PC導入に当たって、リースと購入どちらが得かは、会社の経営状況によって大きく左右される。例えばリースはまとまった資金が不要で、月額費用のみで導入が可能なので、キャッシュフローを重視する中小企業や、SOHOには大きなメリットとなる。
ただし、リースの場合はPCの所有権はリース会社となるため、契約終了後はPCを返却する必要がある。そのため、導入後に業務に必要なスペックを満たせなくなった場合、カスタマイズが制限されていることや、中途解約による違約金が発生する場合があるため、導入当初のPCスペック選定が非常に重みを増す。
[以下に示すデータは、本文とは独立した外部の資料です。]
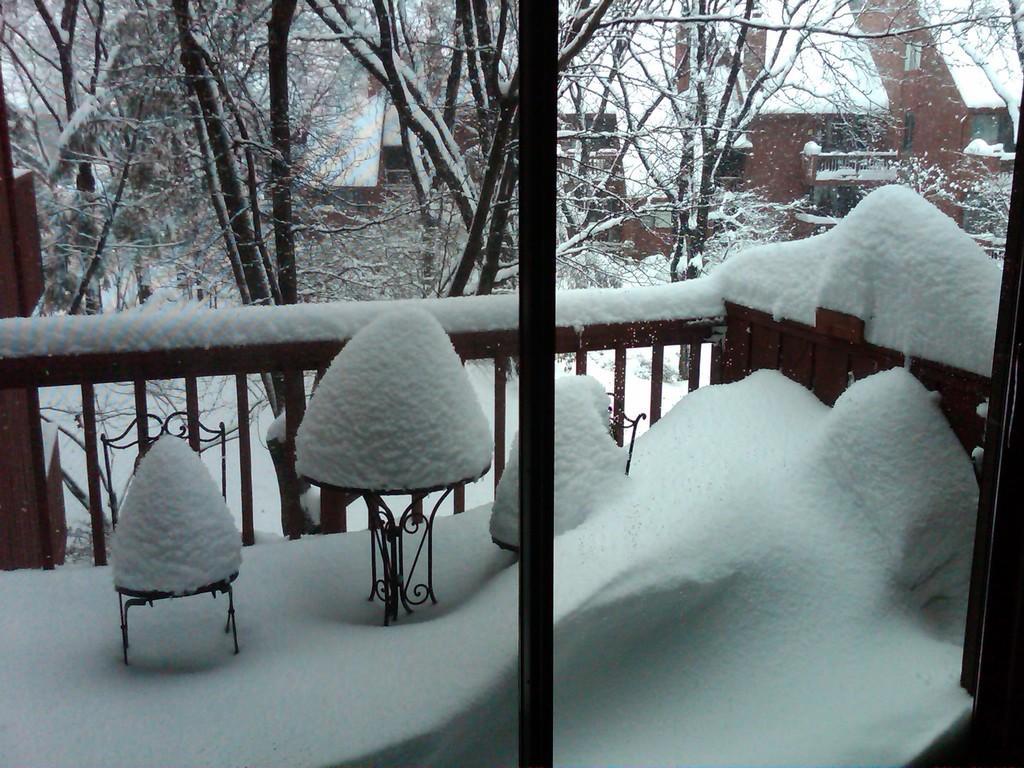What can be seen through the window in the image? Trees, buildings, railings, poles, and stands are visible through the window. How is the weather outside based on the image? The railings, poles, and stands are covered with snow, indicating that it is likely cold and snowy outside. What type of vegetation can be seen through the window? A: Trees are visible through the window. How many sticks are being used as rings for the spiders in the image? There are no sticks, rings, or spiders present in the image.

購入の場合、導入時にまとまった資金が必要となるが、長期間利用すればトータルコストはリースより安く済むことが多い。また、減価償却や資産計上による節税効果が見込める場合もある。
そのため、キャッシュフローに余裕があり、長期間PCを利用するのであれば購入するのも1つの手だ。
面倒なキッティング作業を楽にする方法はある?
情シスの業務はPCの導入だけでなく、日々の社内システムの運用やヘルプデスク業務など多岐にわたり、日々の業務負荷が高くなる傾向にある。
中には1人で数百台のPCを管理している企業もある中で、キッティング作業は非常に大きな負担だ。
そんな悩みを解決できる仕組みとして、「Windows Autopilot」と呼ばれるサービスが用意されている。Windows Autopilotは、業務に必要なPCの各種設定をMicrosoftのクラウド上で管理し、新しいPCを展開する際に自動でキッティングしてくれる優れものだ。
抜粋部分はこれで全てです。